Oligopoly is present when a handful of competitors dominate the market for a good or service and each firm makes pricing and marketing decisions in light of the expected response by rivals. Individual firms have the ability to set pricing and production strategy, and they enjoy the potential for economic profits in both the short run and the long run. Oligopoly describes markets that can be characterized as follows:
• Few sellers. A handful of firms produces the bulk of industry output.
• Homogeneous or unique product. Oligopoly output can be homogeneous (e.g., aluminum) or distinctive (e.g., ready-to-eat cereal).
• Blockaded entry and exit. Firms are heavily restricted from entering or leaving the industry.
• Imperfect dissemination of information. Cost, price, and product quality information is withheld from uninformed buyers.
In the United States, aluminum, cigarettes, electrical equipment, filmed entertainment production and distribution, glass, long-distance telecommunications, and ready-to-eat cereals are all produced and sold under conditions of oligopoly. In each of these industries, a small number of firms produces a dominant percentage of all industry output. In the ready-to-eat breakfast cereal industry, for example, Kellogg, Kraft (Post cereals), General Mills, Nabisco, and Quaker Oats are responsible for almost all domestic production in the United States. Durable customer loyalty gives rise to fat profit margins and rates of return on assets that are two to three times food industry norms.

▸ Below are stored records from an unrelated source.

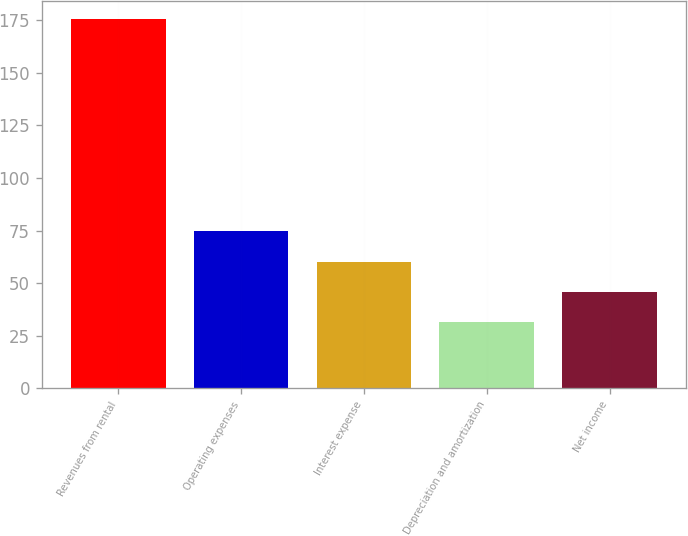Convert chart to OTSL. <chart><loc_0><loc_0><loc_500><loc_500><bar_chart><fcel>Revenues from rental<fcel>Operating expenses<fcel>Interest expense<fcel>Depreciation and amortization<fcel>Net income<nl><fcel>175.6<fcel>74.66<fcel>60.24<fcel>31.4<fcel>45.82<nl></chart> 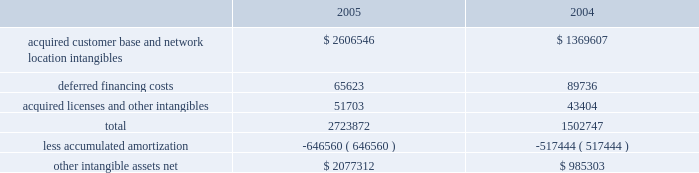American tower corporation and subsidiaries notes to consolidated financial statements 2014 ( continued ) the company has selected december 1 as the date to perform its annual impairment test .
In performing its 2005 and 2004 testing , the company completed an internal appraisal and estimated the fair value of the rental and management reporting unit that contains goodwill utilizing future discounted cash flows and market information .
Based on the appraisals performed , the company determined that goodwill in its rental and management segment was not impaired .
The company 2019s other intangible assets subject to amortization consist of the following as of december 31 , ( in thousands ) : .
The company amortizes its intangible assets over periods ranging from three to fifteen years .
Amortization of intangible assets for the years ended december 31 , 2005 and 2004 aggregated approximately $ 136.0 million and $ 97.8 million , respectively ( excluding amortization of deferred financing costs , which is included in interest expense ) .
The company expects to record amortization expense of approximately $ 183.6 million , $ 178.3 million , $ 174.4 million , $ 172.7 million and $ 170.3 million , for the years ended december 31 , 2006 , 2007 , 2008 , 2009 and 2010 , respectively .
These amounts are subject to changes in estimates until the preliminary allocation of the spectrasite purchase price is finalized .
Notes receivable in 2000 , the company loaned tv azteca , s.a .
De c.v .
( tv azteca ) , the owner of a major national television network in mexico , $ 119.8 million .
The loan , which initially bore interest at 12.87% ( 12.87 % ) , payable quarterly , was discounted by the company , as the fair value interest rate at the date of the loan was determined to be 14.25% ( 14.25 % ) .
The loan was amended effective january 1 , 2003 to increase the original interest rate to 13.11% ( 13.11 % ) .
As of december 31 , 2005 and 2004 , approximately $ 119.8 million undiscounted ( $ 108.2 million discounted ) under the loan was outstanding and included in notes receivable and other long-term assets in the accompanying consolidated balance sheets .
The term of the loan is seventy years ; however , the loan may be prepaid by tv azteca without penalty during the last fifty years of the agreement .
The discount on the loan is being amortized to interest income 2014tv azteca , net , using the effective interest method over the seventy-year term of the loan .
Simultaneous with the signing of the loan agreement , the company also entered into a seventy year economic rights agreement with tv azteca regarding space not used by tv azteca on approximately 190 of its broadcast towers .
In exchange for the issuance of the below market interest rate loan discussed above and the annual payment of $ 1.5 million to tv azteca ( under the economic rights agreement ) , the company has the right to market and lease the unused tower space on the broadcast towers ( the economic rights ) .
Tv azteca retains title to these towers and is responsible for their operation and maintenance .
The company is entitled to 100% ( 100 % ) of the revenues generated from leases with tenants on the unused space and is responsible for any incremental operating expenses associated with those tenants. .
Assuming that intangible asset will be sold , what will be the accumulated deprecation at the end of 2006 , in millions? 
Computations: ((646560 / 1000) + 183.6)
Answer: 830.16. 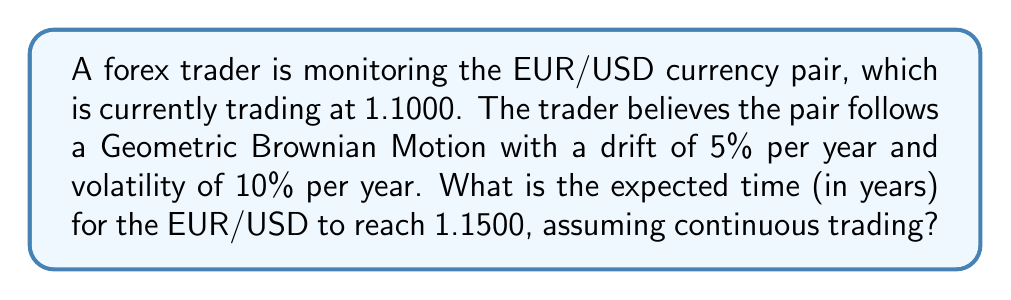What is the answer to this math problem? To solve this problem, we'll use the concept of first passage time for a Geometric Brownian Motion (GBM). The formula for the expected first passage time is:

$$E[T] = \frac{\ln(S_T/S_0) - (\mu - \frac{\sigma^2}{2})T}{\mu - \frac{\sigma^2}{2}}$$

Where:
- $E[T]$ is the expected time
- $S_T$ is the target price
- $S_0$ is the initial price
- $\mu$ is the drift (annualized)
- $\sigma$ is the volatility (annualized)
- $T$ is the time horizon (which we're solving for)

Given:
- $S_0 = 1.1000$
- $S_T = 1.1500$
- $\mu = 5\% = 0.05$
- $\sigma = 10\% = 0.1$

Step 1: Calculate $\mu - \frac{\sigma^2}{2}$
$$0.05 - \frac{0.1^2}{2} = 0.05 - 0.005 = 0.045$$

Step 2: Substitute the values into the equation:
$$E[T] = \frac{\ln(1.1500/1.1000) - (0.045)T}{0.045}$$

Step 3: Simplify:
$$E[T] = \frac{\ln(1.0455) - 0.045T}{0.045}$$

Step 4: Solve for $T$:
$$0.045E[T] = \ln(1.0455) - 0.045T$$
$$0.045E[T] + 0.045T = \ln(1.0455)$$
$$T(0.045 + 0.045) = \ln(1.0455)$$
$$0.09T = 0.0444$$
$$T = \frac{0.0444}{0.09} = 0.4933$$

Therefore, the expected time for the EUR/USD to reach 1.1500 is approximately 0.4933 years.
Answer: 0.4933 years 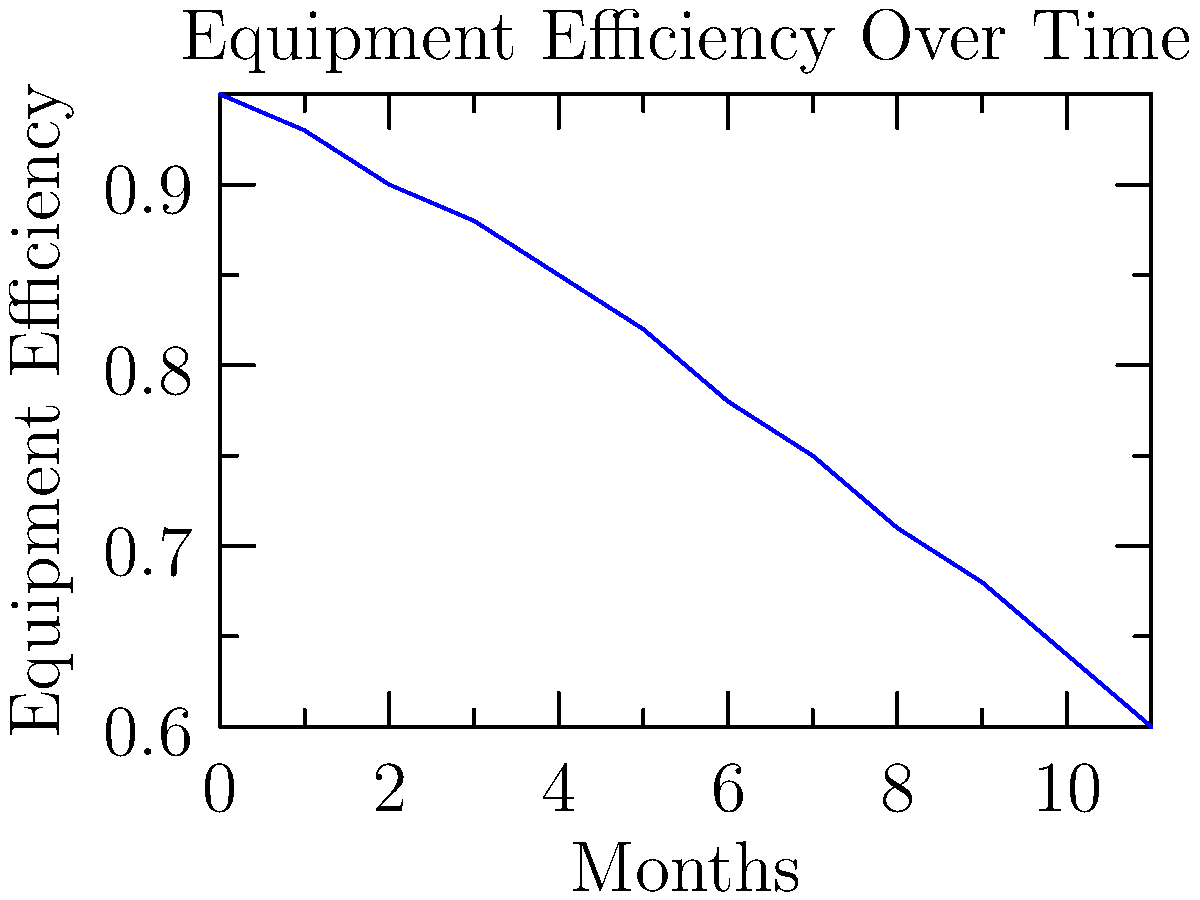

Corn Flakes, Sugar Frosted Flakes, Cheerios, Raisin
Bran, Wheaties, and a handful of other brands continue to dominate the industry year after year and make successful entry extremely difficult. Even multinational food giant Nestlé sought and obtained a joint venture agreement with General Mills rather than enter the potentially lucrative European breakfast cereal market by itself. Long-distance telephone service is also highly concentrated, with AT&T, Sprint, and WorldCom providing almost all domestic wire-line service to residential customers.
Oligopoly also is present in a number of local markets. In many retail markets for gasoline and food, for example, only a few service stations and grocery stores compete within a small geographic area. Drycleaning services are also sometimes provided by a relative handful of firms in small to medium-size cities and towns.